A advocacia representa hoje, no País, um contingente de mais de 1.300.000 mulheres e homens para tal sacerdócio habilitados. A medicina congrega quase um terço disso e a engenharia algo acima de 930.000 profissionais, só para se ter uma ideia. Para além dos números, é a única atividade liberal expressamente mencionada na Constituição Cidadã (artigo 133). Quando, expostos esses dados, a OAB se pronuncia em temas de magnitude, que interferem nos direitos das pessoas (população como um todo e Estado Democrático), costuma-se parar para ouvir.
A cada três anos desde 1958, a Ordem realiza a sua Conferência Nacional, o que não se fez possível na pandemia do coronavírus, quando liderava a entidade o carioca Felipe Santa Cruz, daí porque a reunião que começa em breves semanas na cidade de Belo Horizonte (MG) se anuncia cercada de tantas expectativas.
É o primeiro grande encontro da advocacia que ocorre no pós-terremoto das eleições que catapultaram do poder um projeto de viés antidemocrático em pleno século XXI. Sob a condução do Presidente Beto Simonetti, de quem tenho a responsabilidade de ser Consultor, serão discutidos temas que perpassam as finalidades da Ordem a partir do desenho que lhe confere o artigo 44, incisos I e II, do seu Estatuto, que ano que vem irá completar três décadas de vigência.
Foi aliás em uma Conferência da OAB em 1972 em Curitiba (PR), que, sob a liderança do Presidente José Cavalcanti Neves, até hoje o único pernambucano a ocupar tão elevado posto, a Ordem apresentou ao regime militar a conta salgada das reiteradas violações de direitos humanos perpetradas nos porões dos seus DOI-CODI, ressaltando, na ocasião, a impossibilidade de que os direitos individuais pudessem ser plenamente exercidos na ausência de garantias ao Judiciário e do habeas corpus. Mais ainda, cobrando que a comunicação de qualquer prisão fosse feita sem qualquer restrição ao exercício da advocacia. Por fim, pontuando a indissociabilidade do progresso econômico e social e do Estado de Direito, com o respeito aos direitos fundamentais.
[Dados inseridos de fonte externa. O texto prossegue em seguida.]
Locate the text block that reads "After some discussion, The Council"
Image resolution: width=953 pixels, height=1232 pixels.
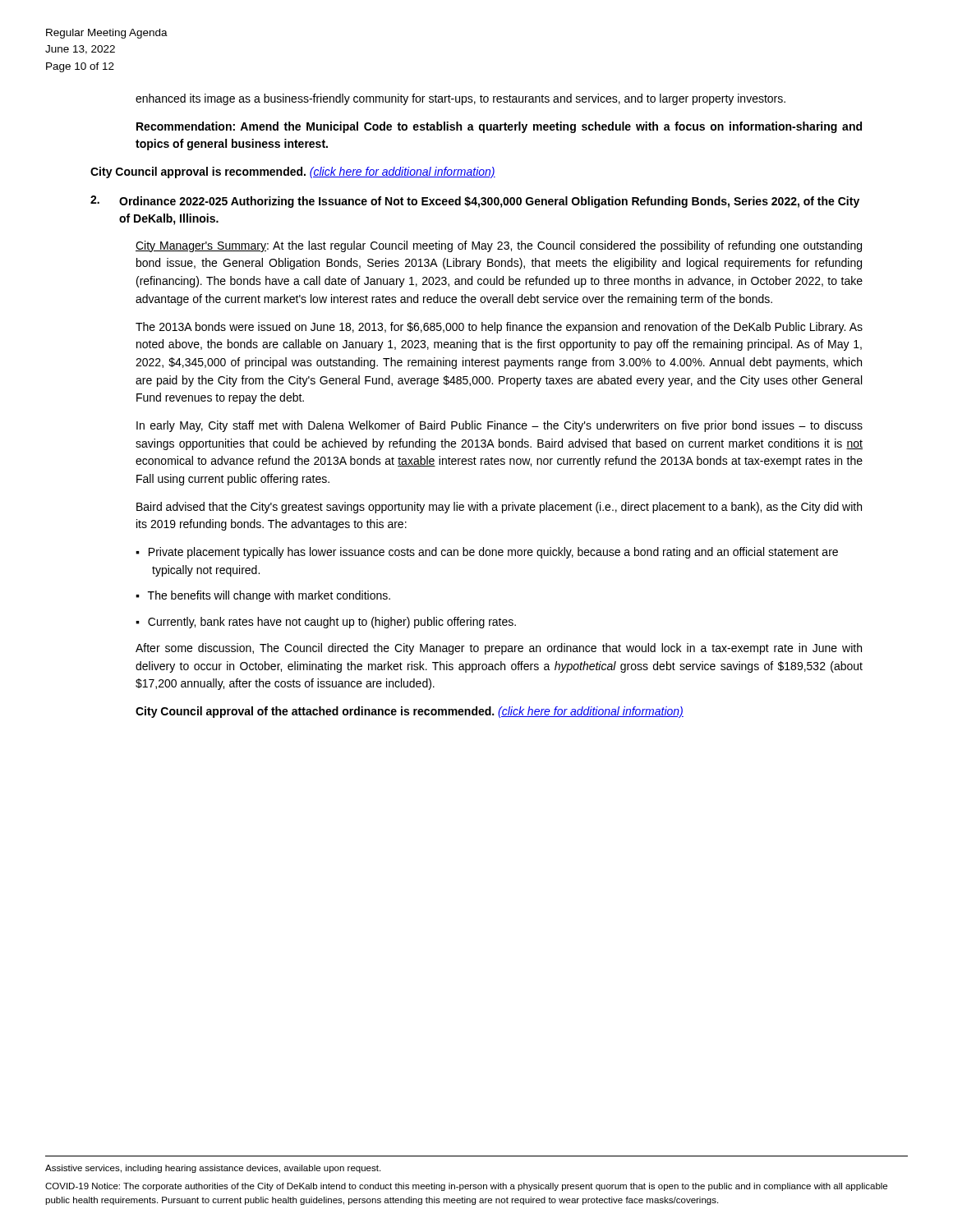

Já em 1980, em nova Conferência, desta feita em Manaus (AM), a OAB consolidou posição pela convocação de uma Assembleia Nacional Constituinte que incorporasse, ao processo político, a maioria da população, até então ignorada. Mais tarde, em 1986, foi protagonista dos bastidores da convocação dessa Assembleia, vindo a relatoria geral da nova Carta Magna a ser designada a Bernardo Cabral, ex-Presidente do Conselho Federal da Ordem, relevando ainda ser dito que, dos membros da citada Assembleia Constituinte, 40% tinham formação jurídica.
No recorte para 1988, marco cronológico de nascimento do “documento das
liberdades”, como batizado pelo Deputado Ulysses Guimarães, Presidente da Assembléia que o gestou, o papel do advogado e da OAB na nova sociedade que se desenhava marcou a XII Conferência Nacional dos Advogados em Porto Alegre (RS).
Tendo como batonier Márcio Thomas Bastos, que anos depois se tornou Ministro da Justiça, a Conferência alertou em seu documento final: “Não basta a ampliação das declarações de direitos, o reforço e a criação de novas garantias no texto da Constituição para fazer expandir os direitos humanos além do limite onde até hoje têm sido mantidos, que é o das classes possuidoras. É preciso que a nova ordem constitucional não signifique apenas a recomposição formal do antigo regime tradicionalmente fundado na exploração do trabalho, mas que abra perspectivas amplas para o exercício de uma autêntica cidadania, assegurada plenamente a todos”.
A par desse mesmo sentimento, assuntos corporativos e institucionais de vulto serão enfrentados. Considerados os riscos tensionadores infligidos à democracia, que são insistentes e cada vez mais atrevidos, a história vai estar de olho, mas a advocacia, tenho certeza, não a irá decepcionar, assim como a OAB não perderá a chance de reassegurar a lição de Ruy Barbosa, seu patrono, de que longe da legalidade, sobretudo das balizas civilizatórias, não existe salvação. Entre 27 e 29 desse mês, merecidamente, os olhos e ouvidos da Nação vão estar em Belo Horizonte. Não vou perder esse bonde.